Ein weiterer Schwerpunkt dieser Arbeit waren in vitro Untersuchungen der Spaltung potentieller Substrate der humanen Makrophagenelastase. Myelin basic protein (MBP) und der Neurotransmitter Substanz P wurden in vitro degradiert, und es konnten bislang unbekannte Spaltstellen identifiziert werden. Weiterhin konnte die Degradierung von Faktor XII (Hagemann Faktor), Prothrombin und Fibrinogen gezeigt werden. Prothrombin wurde in dieser Arbeit zum ersten Mal als Substrat einer Matrix Metalloproteinase untersucht. Die durch die MMP-12 generierten Fragmente zeigten proteolytische Aktivität gegenüber einem spezifischen Substrat für Thrombin.
Für den Aufbau eines ELISAs wurden polyklonale Kaninchen-Antikörper gegen die katalytische Domäne der MMP-12 gewonnen. Mit Hilfe dieser Antikörper wurde im Folgenden erfolgreich ein kompetitiver ELISA aufgebaut.
Weiterhin wurden die Antikörper für immunhistochemische Untersuchungen eingesetzt.
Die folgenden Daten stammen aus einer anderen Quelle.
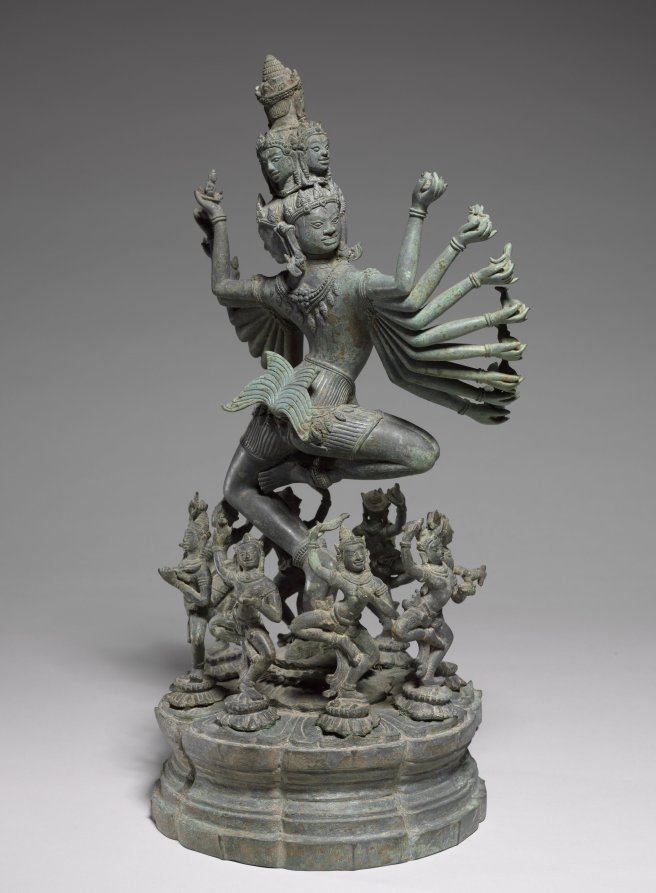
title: Hevajra
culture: Northeastern Thailand, former kingdom of Angkor
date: c. 1200
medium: Bronze
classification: Sculpture
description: Hevajra was an important figure signaling the practice of Buddhist rituals. King Jayavarman VII placed particular emphasis on Hevajra during consecration rituals and set up a colossal stone sculpture of dancing Hevajra at the east gate of his fortified city in the Khmer capital at Angkor. In the Cambodia of Jayavarman VII, tantric Buddhism became public and widespread, practiced together with other more mainstream forms of Buddhism, Hinduism, and ancestor worship. The iconography of Hevajra is described in detail in a text that bears his name, the Hevajra-tantra, first composed in India probably in the 800s. Hevajra has eight heads, sixteen arms, and four legs. His left hands hold images of Indic gods; wealth, death, sun, moon, fire, wind, water, and earth. In his right hands are animals: bull, lion, human, cat, camel, sheep, horse, and elephant. They all sit in skull cups, objects also used in tantric rituals. He dances on a corpse that embodies ignorance and is surrounded by eight yoginis who dance triumphantly in a ring around him. Yoginis functioned as intercessors between human practitioners and enlightened beings. Many bronze images of Hevajra were made during the reign of Jayavarman VII, but few survive in as pristine condition as this example. According to scientific analysis and curatorial reports, this sculpture survived in a clay vessel submerged in water, which accounts for its high tin content and unusual gray patina. Samples from the clay core reveal the presence of the mineral feldspar, a characteristic of clay from the Isaan plateau, on the other side of the mountain range not far from Banteay Chhmar, in present-day Thailand.
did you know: Hevajra, the Tantric Buddhist deity who personifies Enlightenment, dances vigorously to symbolize the human soul's liberation from the snare of existence.

Dabei konnte die MMP-12 in Hautgeweben mit den Erkrankungen Ekzem, Lupus erythematodes und Dermatitis herpetiformis im Bereich des Stratum granulosum detektiert werden. Bei Hautgewebe mit dem Befund Lepra lepromatosa zeigte sich eine intensive Anfärbung der MMP-12 innerhalb infiltrierter Makrophagen. Weitere interessante Ergebnisse ergaben immunhistochemische Färbungen an Rückenmarkgewebe von wobbler Mäusen im Vergleich zu gesunden Tieren. In den von Neuronendegeneration betroffenen Bereichen bei der wobbler Maus konnte die Expression der MMP-12 in Mikrogliazellen gezeigt werden.
Durch Mutagenese-PCR wurde die für eine inaktive Variante kodierende cDNA amplifiziert. Die Inaktivierung wurde durch eine Punktmutation, bei der Glutamat 219 durch Alanin im katalytischen Zentrum ersetzt wurde, erreicht. Im Komplex mit Batimastat bildeten sich Kristalle, die mit Hilfe der Röntgenstrukturanalyse vermessen und nach Auswertung der Daten in ein Atommodell mit dreidimensionaler Struktur umgesetzt wurden. In einem Vergleich mit Strukturen anderer MMPs konnten Unterschiede identifiziert werden. Die im Rahmen dieser Arbeit erlangten Kenntnisse über Aktivität, Vorkommen und Kristallstruktur der humanen Makrophagenelastase leisten somit einen entscheidenden Beitrag zur Charakterisierung dieser Matrix Metalloproteinase. Diese in vitro Ergebnisse können als Grundlage für weiterführende in vivo Untersuchungen dienen.